# [WHAT IS NEEDED]
What you return should be the lines of the data containing "Step", each in full.

# [Stored data]
________________

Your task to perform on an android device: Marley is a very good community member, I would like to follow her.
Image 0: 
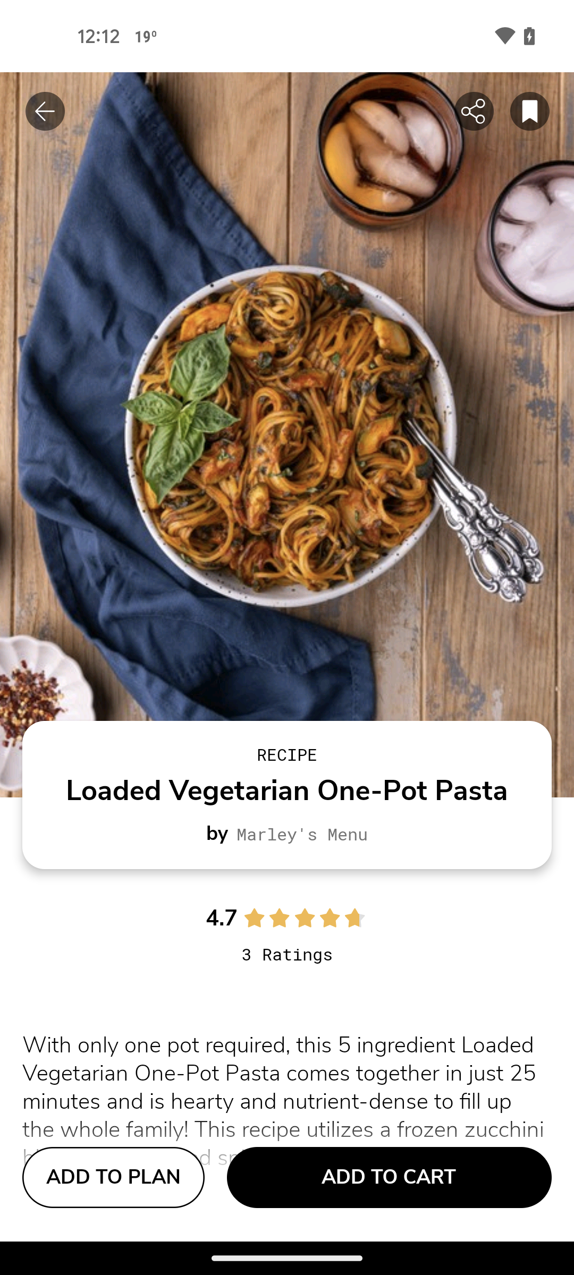
Click on Marley's Menu.
Step 0: click (302, 834)
Image 1: 
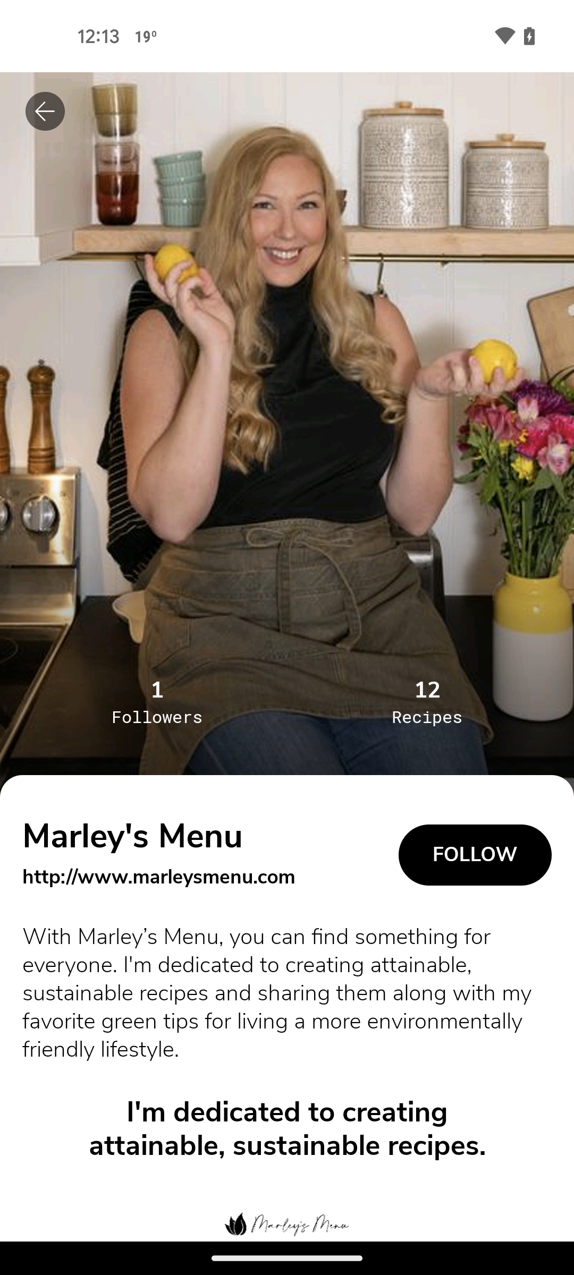
Click on follow button.
Step 1: click (475, 855)

________________

# [RESPONSE BOX]
Step 0: click (302, 834)
Step 1: click (475, 855)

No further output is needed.